NetLOGO is an independent programming language, which includes a programming environment that is, however, fundamentally based on JAVA. This tool offers the possibility to be accessed by superordinate JAVA programs. We integrated it into co-simulation by creating a wrapper software which accesses the NetLOGO API and wraps it into an FMU (functional mock-up unit). A main disadvantage is the limited visual representation of the simulation. Methods need to be programmed independently; however, the programming language can be quickly learned by novices. This tool has gained popularity in the fields of teaching and research. NetLOGO contains a large library of complete exemplary models that can be used and expanded (the download of the software and further information can be found on the following website: http://ccl.northwestern.edu/netlogo/index.shtml).

3.3. Key Features of Our Implementation

The model contains three different agent types and a model environment. All agent types differentiate themselves in their fundamental characteristics, features, actions, and their communication. Of each agent type, multiple individual agents can exist. In this specific model example, 30 agents of the type “e-vehicle”, 21 agents of the type “charging point”, and 30 of the “driver” agent type were implemented. The model additionally contains the “environment”. This encapsulates all actions and parameters that are agent independent or not agent specific (e.g., time of day).

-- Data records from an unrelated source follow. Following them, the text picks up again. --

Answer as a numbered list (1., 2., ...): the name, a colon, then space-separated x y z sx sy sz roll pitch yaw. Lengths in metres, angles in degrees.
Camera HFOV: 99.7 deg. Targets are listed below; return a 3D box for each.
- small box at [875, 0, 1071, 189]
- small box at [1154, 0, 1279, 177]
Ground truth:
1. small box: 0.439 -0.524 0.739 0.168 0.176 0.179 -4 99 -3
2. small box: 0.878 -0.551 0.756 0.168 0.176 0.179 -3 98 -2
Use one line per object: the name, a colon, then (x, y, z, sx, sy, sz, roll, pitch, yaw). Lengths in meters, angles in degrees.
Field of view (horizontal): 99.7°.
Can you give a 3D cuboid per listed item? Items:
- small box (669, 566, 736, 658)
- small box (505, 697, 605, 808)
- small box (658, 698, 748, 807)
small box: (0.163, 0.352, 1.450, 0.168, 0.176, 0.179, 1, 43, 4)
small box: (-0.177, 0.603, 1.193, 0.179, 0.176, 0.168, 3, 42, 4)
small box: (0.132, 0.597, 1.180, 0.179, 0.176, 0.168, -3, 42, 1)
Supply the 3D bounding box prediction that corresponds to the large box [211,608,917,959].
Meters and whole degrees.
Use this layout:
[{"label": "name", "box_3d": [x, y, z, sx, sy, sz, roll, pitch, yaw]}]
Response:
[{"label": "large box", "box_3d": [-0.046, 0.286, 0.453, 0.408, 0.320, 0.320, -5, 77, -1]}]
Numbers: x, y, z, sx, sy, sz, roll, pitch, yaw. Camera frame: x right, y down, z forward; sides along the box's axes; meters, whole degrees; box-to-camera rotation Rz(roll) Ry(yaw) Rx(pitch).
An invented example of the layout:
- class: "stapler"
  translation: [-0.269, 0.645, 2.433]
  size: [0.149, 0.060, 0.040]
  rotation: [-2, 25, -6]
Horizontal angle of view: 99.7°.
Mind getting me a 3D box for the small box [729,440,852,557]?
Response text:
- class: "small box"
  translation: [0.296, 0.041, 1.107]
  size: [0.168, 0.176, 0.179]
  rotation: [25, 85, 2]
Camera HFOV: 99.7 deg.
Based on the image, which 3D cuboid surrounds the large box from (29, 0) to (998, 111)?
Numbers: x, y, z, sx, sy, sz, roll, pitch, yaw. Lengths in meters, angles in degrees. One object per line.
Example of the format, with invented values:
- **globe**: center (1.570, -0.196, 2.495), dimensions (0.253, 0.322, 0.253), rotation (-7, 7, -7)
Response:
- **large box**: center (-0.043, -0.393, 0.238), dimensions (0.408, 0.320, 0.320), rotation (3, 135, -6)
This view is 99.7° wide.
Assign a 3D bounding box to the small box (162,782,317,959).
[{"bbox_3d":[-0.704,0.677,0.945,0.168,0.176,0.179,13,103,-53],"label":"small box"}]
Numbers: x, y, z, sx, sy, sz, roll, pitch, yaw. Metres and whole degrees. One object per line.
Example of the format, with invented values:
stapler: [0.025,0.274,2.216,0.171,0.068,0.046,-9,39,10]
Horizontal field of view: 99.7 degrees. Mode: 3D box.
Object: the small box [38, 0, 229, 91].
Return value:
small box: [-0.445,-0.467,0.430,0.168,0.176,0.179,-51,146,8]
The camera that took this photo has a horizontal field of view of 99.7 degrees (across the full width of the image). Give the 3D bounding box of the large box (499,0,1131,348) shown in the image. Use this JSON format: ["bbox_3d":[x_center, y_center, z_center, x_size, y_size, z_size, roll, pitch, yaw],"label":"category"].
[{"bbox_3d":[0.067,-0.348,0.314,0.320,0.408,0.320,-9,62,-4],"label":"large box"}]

The agent “driver”, largely simplified, represents the human driver. He/she uses his/her vehicle and the appropriate charging infrastructure to accomplish his/her daily routine. The daily routine is based on statistical and normal distributed random numbers. The emphasis is on getting from A to B with sufficient battery capacity. This means that a vehicle does not charge at every opportunity, but only when the driver considers it necessary. In concrete terms, this is implemented in that a charging decision is made when the SoC falls below an individual threshold value $So{C}_{Limit}$. This threshold value depends on where the vehicle is located, meaning whether it charges at the company ($So{C}_{Limit}$ = 75%) or at an external charging infrastructure ($So{C}_{Limit}$ = 20%). The agent “e-vehicle” (EV) is a digital representation of a real electric vehicle. These agents have a reduced pool of parameters, which are necessary for the simulation. These include information on charging infrastructure, consumption, and charging status. The vehicles have rudimentary functions such as “driving”, “parking”, and “loading”. Within these methods, the vehicle’s batteries are emptied or charged accordingly. Furthermore, simulation-relevant information such as ambient temperature or charging power is transmitted to the agent via the FMU. The agents of the type “charging point” (CP) each represent a single charging point in the real charging infrastructure. These agents have individual charging parameters, allowing the “driver” agents to charge the “e-vehicle” agents if the parameters match between EV and CP. Particularly important is the role of the CP agent as the model interface enabling the saving and export of all the charging process information from the model.

4. Scenarios

In this work, we shall compare three different scenarios, based on different customer behavior. The first scenario represents conventional static usage profiles based on normal distributed charging demands. This type of customer modeling could be implemented without an MAS approach; however, we decided to also employ our MAS framework for better comparability. The second scenario is a minor extension of the basic scenario where the energy demand on hot or cold days is increased. We assume that for technical reasons, the energy demand of the EV increases due to the battery chemistry or additional A/C and heating demand. In the third scenario, the customer shall stop using our charging infrastructure if past charging processes were not to the customer’s liking. This is modeled by a customer satisfaction indicator that is computed based on the difference of targeted and actual reached SoC for past charging sessions. The assumption is that if the charging infrastructure repeatedly failed to charge the EV to the requested level, the customer would switch to a different charging operator. More details on the three scenarios are given below.

4.1. Building Scenario

Our test system was a medium-sized company with $N_E=30$ EVs, $N_{CS}=21$ charging stations, and a photovoltaic (PV) system with a peak power of $P_{PV}=490$ kW (for the output of the PV system over a year, see Figure 1). The rest of the facility was not modeled in detail. Charging stations and EVs have different maximum charging power between 10 kW and 150 kW.

4.2. Charging Controller

We used a simple charging controller in this project. The controller first computes the currently available charging power: $P_a$:

$$P_a\left(t\right)=P_{PV}\left(t\right)+P_{Base},$$

(1)

where $P_{PV}$ is the current power production from the PV system and $P_{Base}$ additional power taken from the grid. In order to minimize peak loads and to reduce costs and CO${}_2$ emissions, one would try to minimize $P_{Base}$. Here, we have chosen $P_{Base}=30$ kW, but also consider two extreme scenarios with $P_{Base}=0$ kW and $P_{Base}=1$ MW (MAX scenario). These values were chosen to cover three interesting conditions: one where only PV power is available ($P_{Base}=0$ kW), which means 100% green energy, the additional availability of on average 1 kW per EV ($P_{Base}=30$ kW), and finally, a setting for virtually unlimited grid power ($P_{Base}=1$ MW). These values both span a wide range, but also appear realistic under different ecological or economic constraints.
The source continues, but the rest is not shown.